Provided entries below:
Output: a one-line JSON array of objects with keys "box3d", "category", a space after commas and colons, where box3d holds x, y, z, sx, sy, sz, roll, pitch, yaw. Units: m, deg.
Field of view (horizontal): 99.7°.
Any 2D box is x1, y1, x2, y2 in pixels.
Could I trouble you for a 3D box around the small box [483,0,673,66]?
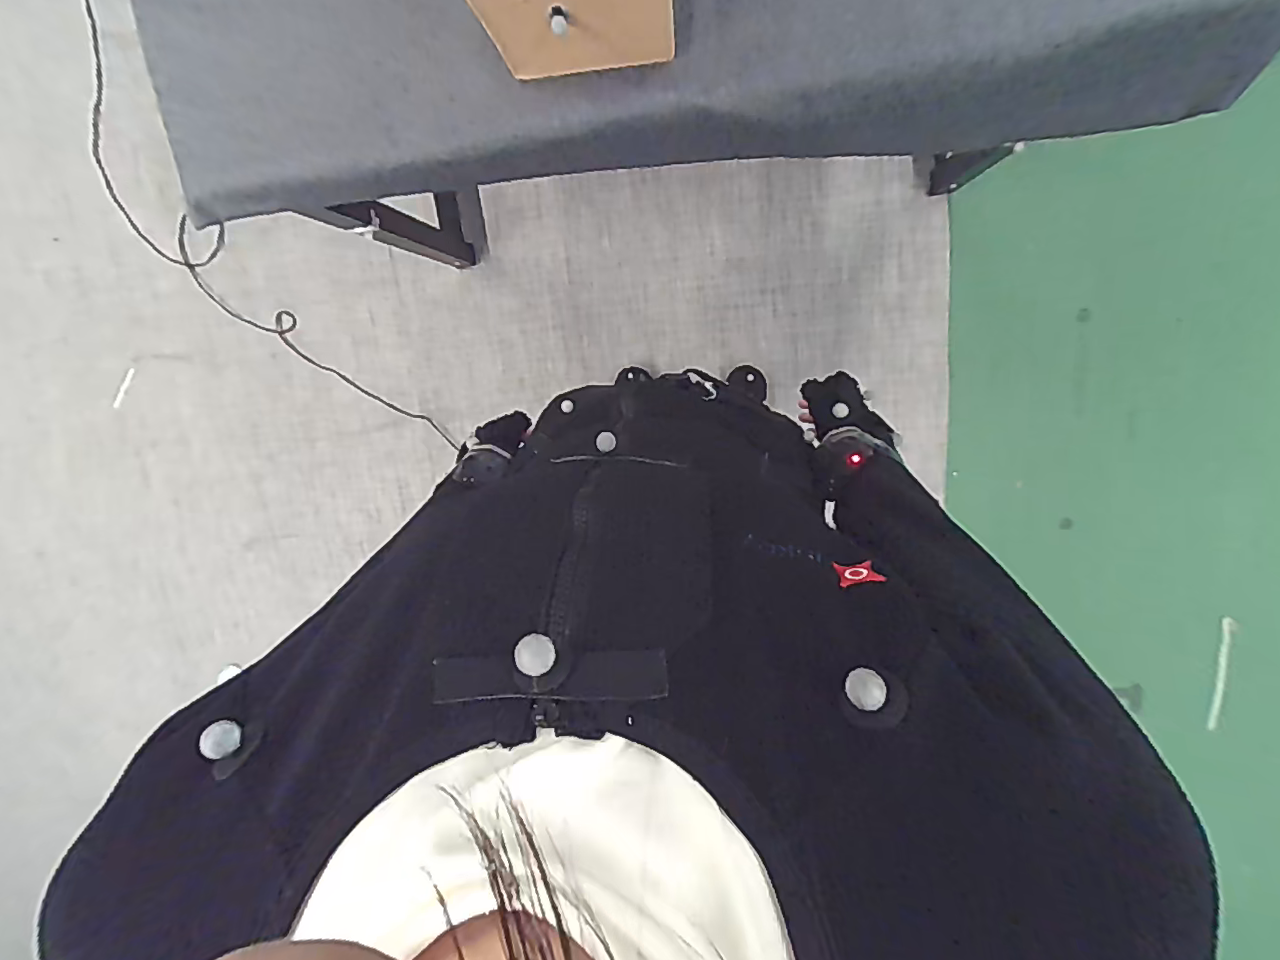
[{"box3d": [-0.064, -0.514, 0.490, 0.179, 0.176, 0.168, -1, 102, 7], "category": "small box"}]
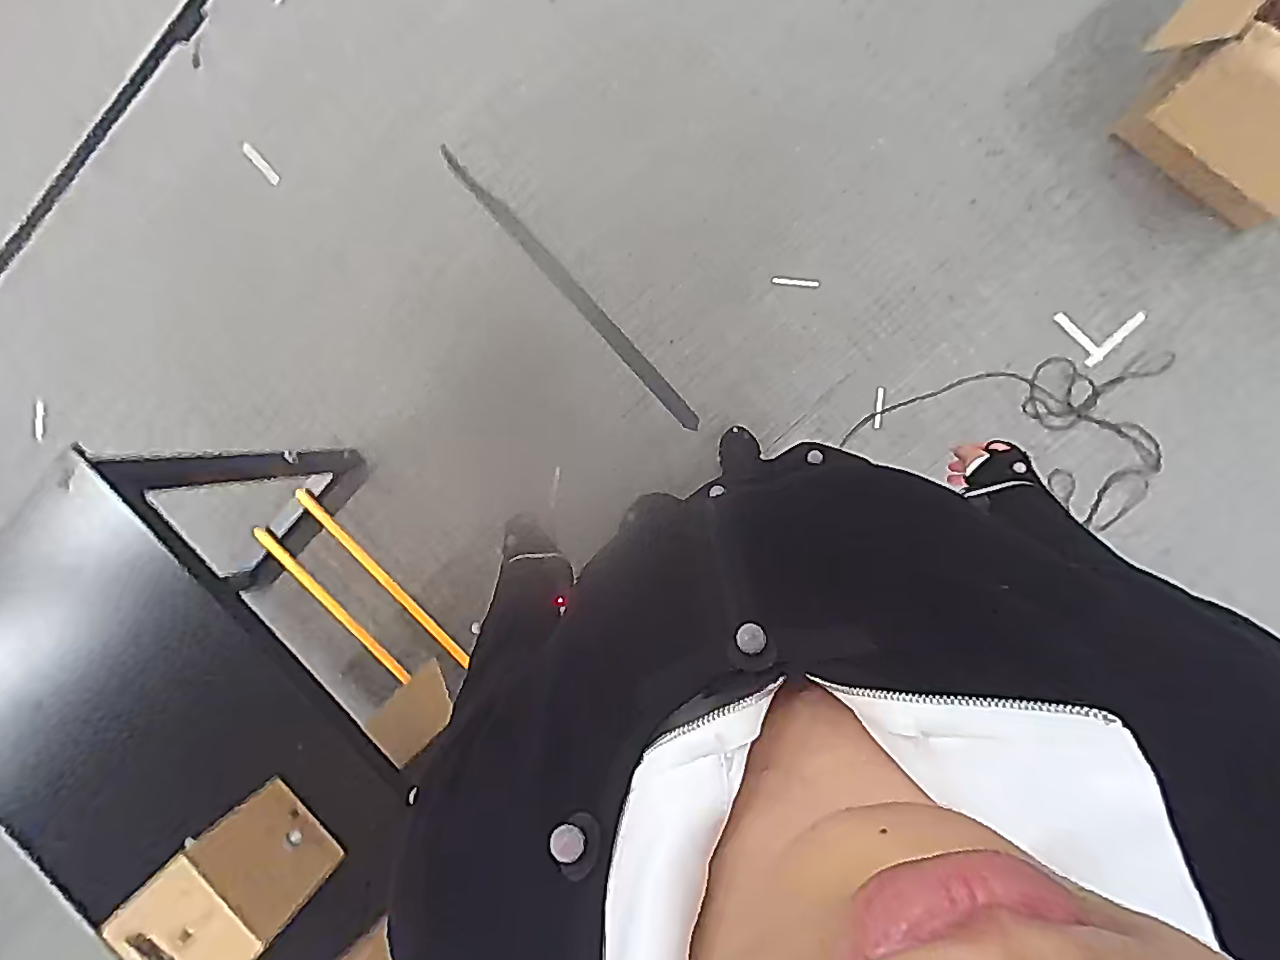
End of Provided entries.
The lines above should be transcribed exactly, with every image removed.

◆ **Task result**:
Output: a one-line JSON array of objects with keys "box3d", "category", a space after commas and colons, where box3d holds x, y, z, sx, sy, sz, roll, pitch, yaw. Units: m, deg.
Field of view (horizontal): 99.7°.
Any 2D box is x1, y1, x2, y2 in pixels.
Could I trouble you for a 3D box around the small box [483,0,673,66]?
[{"box3d": [-0.064, -0.514, 0.490, 0.179, 0.176, 0.168, -1, 102, 7], "category": "small box"}]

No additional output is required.